Further the process of managing AB in the post operative period will give rise to issues of restraint that may be both physical and chemical that would breach AB’s rights under Article 5 ECHR.
Whatever be the strength of the medical evidence, AB is firm and clear that she does not want surgery. Attempts have been made by her treating clinicians and the clinical team around her to explain the benefits of surgery and by Dr Mathews and the representative of the Official Solicitor. AB has understandable fears around the procedure such as not waking up which may be held by a capacitous adult. Equally AB does not want to die but she would rather see what happens without surgery.
On AB’s behalf, the Official Solicitor supports the making of a declaration that she does not have capacity to conduct the proceedings or to make decisions about whether to undergo dental and cardiac surgery.
On the merits of the proposed surgical procedures, his position statement referred to AB’s expressed wishes and feelings and recognised that her inability to understand the nature of her cardiac problem and its implications for her future as well as the risk of death and the importance of preserving life may limit the weight to be attached to her wishes and feelings.
The Official Solicitor also draws attention to the risk of death during the surgery itself and the complications that may ensue; the substantial risks in the post-operative period and the need for sedation and restraint if AB was resistant to necessary medical procedures; the psychological impact on AB of having undergone such an operation against her wishes when she becomes aware of what has happened to her and whether it would make her mental state worse.
The Official Solicitor identified the balance between the risks and benefits in the proposed treatment and the deprivation of liberty involved in the clinical management of AB in the post operative period.
The medical evidence
On 13th October 2014 AB was diagnosed with an aortic dilatation/swelling (aneurism) of 6.8/7cm at the level of the aortic root which is just as the aorta leaves the heart and the aortic valve is leaking blood. It is asymptomatic although AB has had an abnormal heart rhythm and was diagnosed with an abnormal connection between the two main chambers of the heart in her childhood. Mr McGoldrick was of the view that the congenital heart defect was a “red herring”.
There is a high risk of rupture of the aneurism which would lead to sudden and immediate death with little or no opportunity for emergency surgery and she would be in extreme pain. The hinge point for surgery is an aneurism of 5.5cms because the likelihood of rupture is over 30% with a mortality rate increasing by 15%yearly thereafter.
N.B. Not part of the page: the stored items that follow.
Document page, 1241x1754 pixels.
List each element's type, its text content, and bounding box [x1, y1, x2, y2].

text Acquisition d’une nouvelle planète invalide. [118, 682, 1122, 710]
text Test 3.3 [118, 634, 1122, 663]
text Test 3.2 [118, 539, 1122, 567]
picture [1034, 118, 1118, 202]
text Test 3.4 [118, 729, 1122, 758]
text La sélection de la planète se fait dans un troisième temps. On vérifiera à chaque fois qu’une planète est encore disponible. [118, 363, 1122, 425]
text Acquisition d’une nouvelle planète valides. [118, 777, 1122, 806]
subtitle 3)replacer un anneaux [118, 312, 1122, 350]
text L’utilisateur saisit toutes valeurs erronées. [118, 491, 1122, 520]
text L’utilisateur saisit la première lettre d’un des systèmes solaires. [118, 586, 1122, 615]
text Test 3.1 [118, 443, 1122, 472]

The size of the aorta at the point of the aneurism is now twice the expected dimension and it will get bigger. Eventually it will rupture if it is untreated. The main trigger events are severe exertion or emotional events.
There is no medical treatment that can be recommended and surgery with a repair of the aneurism and the use of a tissue aortic valve replacement is the treatment of choice. The tissue valve may degenerate over time and could require a second replacement operation in 8-15 years. However there are developing catheter based techniques which may remove the need for further surgery over the next 10 years or so.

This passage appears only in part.